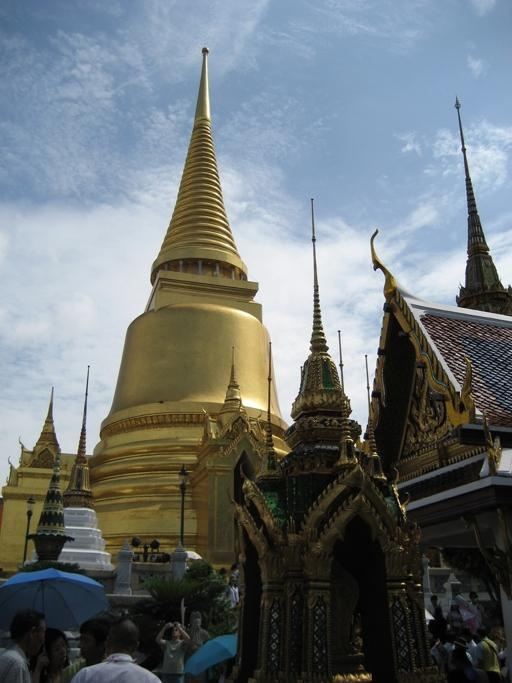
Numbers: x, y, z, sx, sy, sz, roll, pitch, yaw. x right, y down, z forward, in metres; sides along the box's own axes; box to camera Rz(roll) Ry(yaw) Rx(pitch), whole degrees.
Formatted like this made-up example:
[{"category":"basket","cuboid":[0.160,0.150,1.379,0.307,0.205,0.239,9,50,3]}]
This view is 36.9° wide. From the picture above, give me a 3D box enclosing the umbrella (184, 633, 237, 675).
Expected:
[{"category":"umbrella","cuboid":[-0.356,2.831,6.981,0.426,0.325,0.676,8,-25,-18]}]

_____

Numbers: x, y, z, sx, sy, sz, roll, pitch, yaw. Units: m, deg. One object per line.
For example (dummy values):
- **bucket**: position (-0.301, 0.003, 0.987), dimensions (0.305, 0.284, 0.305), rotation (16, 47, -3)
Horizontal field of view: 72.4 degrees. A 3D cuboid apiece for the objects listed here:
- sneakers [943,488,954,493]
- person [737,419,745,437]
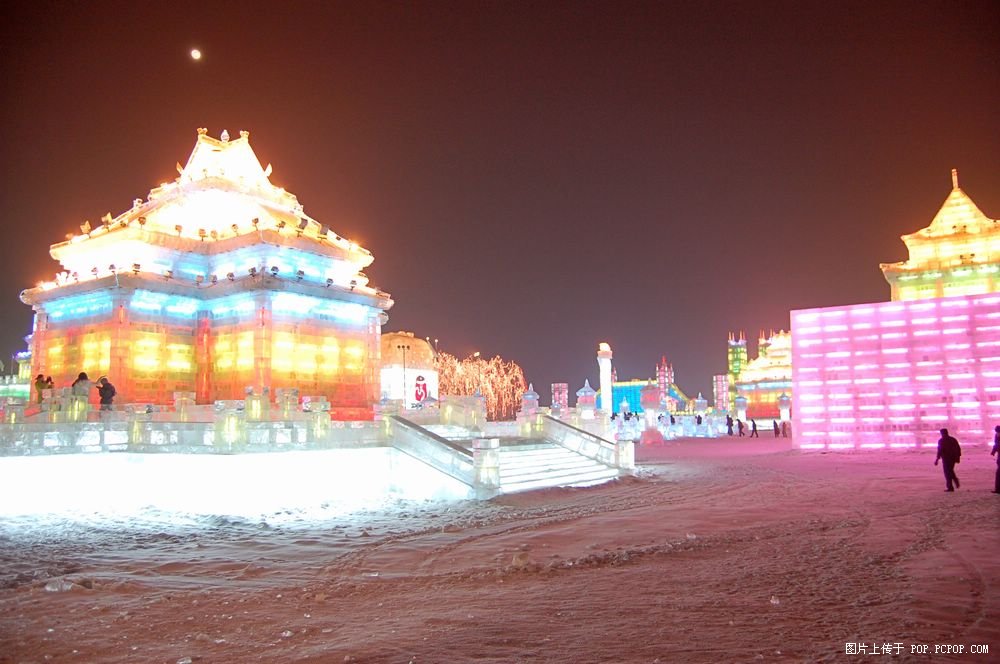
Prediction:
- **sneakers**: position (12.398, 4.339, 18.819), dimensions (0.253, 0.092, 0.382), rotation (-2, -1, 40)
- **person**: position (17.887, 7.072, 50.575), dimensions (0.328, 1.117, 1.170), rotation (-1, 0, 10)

_____

▶ [Problem]: Among the lines above, find those that contain the word "example" and copy them.

▶ [Written response]:
Formatted like this made-up example:
For example (dummy values):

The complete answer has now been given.